[[ Input records open ]]
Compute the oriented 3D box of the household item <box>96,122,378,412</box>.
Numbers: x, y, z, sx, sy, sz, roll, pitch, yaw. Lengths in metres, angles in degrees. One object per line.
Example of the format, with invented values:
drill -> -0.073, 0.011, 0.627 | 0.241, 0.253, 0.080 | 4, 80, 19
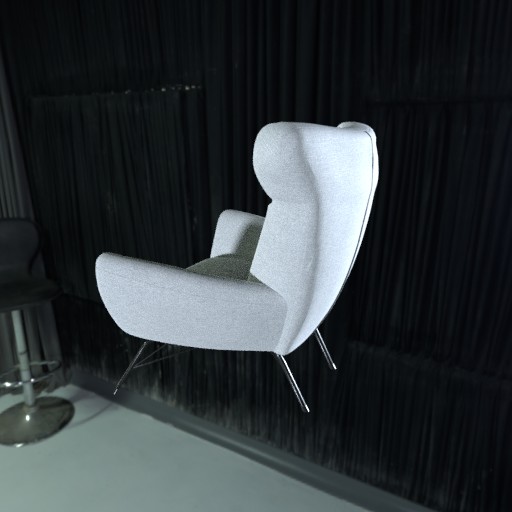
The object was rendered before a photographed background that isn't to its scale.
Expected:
household item -> 0.000, 0.000, 1.812 | 0.900, 1.050, 0.980 | 8, 19, 25
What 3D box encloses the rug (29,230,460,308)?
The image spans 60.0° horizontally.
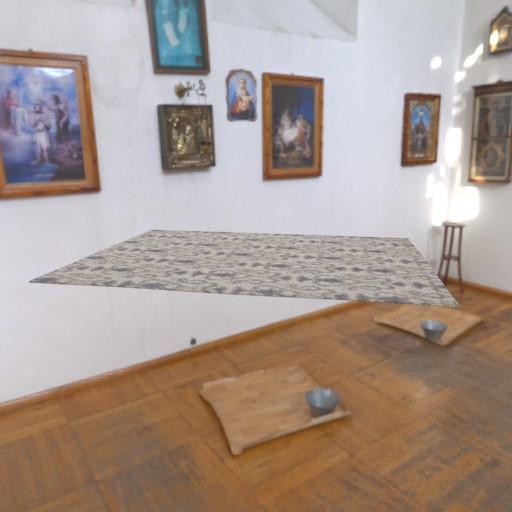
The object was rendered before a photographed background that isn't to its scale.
[{"bbox_3d":[0.000,0.000,3.061,2.261,0.013,1.676,2,14,10],"label":"rug"}]
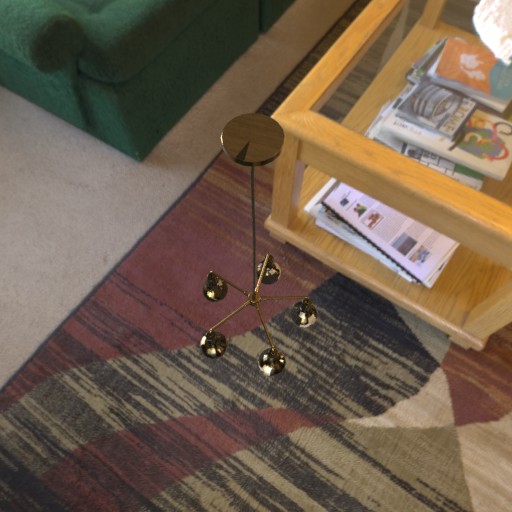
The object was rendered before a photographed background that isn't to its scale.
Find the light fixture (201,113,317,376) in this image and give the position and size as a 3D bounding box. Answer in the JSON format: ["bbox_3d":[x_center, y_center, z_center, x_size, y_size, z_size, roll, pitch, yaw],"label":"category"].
[{"bbox_3d":[0.000,0.000,1.218,0.438,0.988,0.421,15,64,7],"label":"light fixture"}]
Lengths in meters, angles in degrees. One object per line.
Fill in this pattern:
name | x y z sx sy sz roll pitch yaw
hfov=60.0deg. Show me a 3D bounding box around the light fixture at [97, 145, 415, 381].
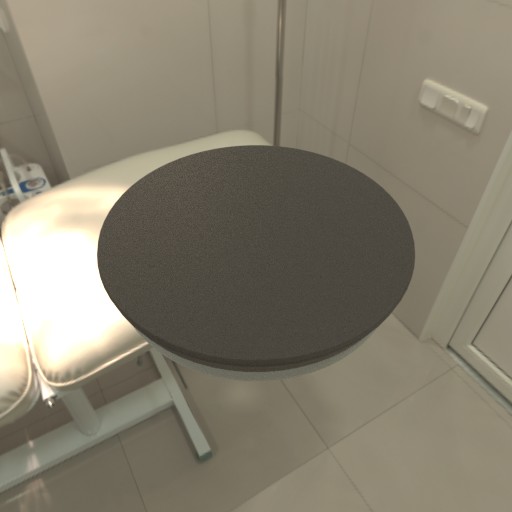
[[ Input records closed ]]
Your task » Print the records word for word and exclude any picture they hold.

Output below »
Compute the oriented 3D box of the household item <box>96,122,378,412</box>.
Numbers: x, y, z, sx, sy, sz, roll, pitch, yaw. Lengths in metres, angles in degrees. One object per line.
Example of the format, with invented values:
drill -> -0.073, 0.011, 0.627 | 0.241, 0.253, 0.080 | 4, 80, 19
The object was rendered before a photographed background that isn't to its scale.
Expected:
household item -> 0.000, 0.000, 1.812 | 0.900, 1.050, 0.980 | 8, 19, 25
What 3D box encloses the rug (29,230,460,308)?
The image spans 60.0° horizontally.
The object was rendered before a photographed background that isn't to its scale.
[{"bbox_3d":[0.000,0.000,3.061,2.261,0.013,1.676,2,14,10],"label":"rug"}]
The object was rendered before a photographed background that isn't to its scale.
Find the light fixture (201,113,317,376) in this image and give the position and size as a 3D bounding box. Answer in the JSON format: ["bbox_3d":[x_center, y_center, z_center, x_size, y_size, z_size, roll, pitch, yaw],"label":"category"].
[{"bbox_3d":[0.000,0.000,1.218,0.438,0.988,0.421,15,64,7],"label":"light fixture"}]
Lengths in meters, angles in degrees. One object per line.
Fill in this pattern:
name | x y z sx sy sz roll pitch yaw
hfov=60.0deg. Show me a 3D bounding box around the light fixture at [97, 145, 415, 381].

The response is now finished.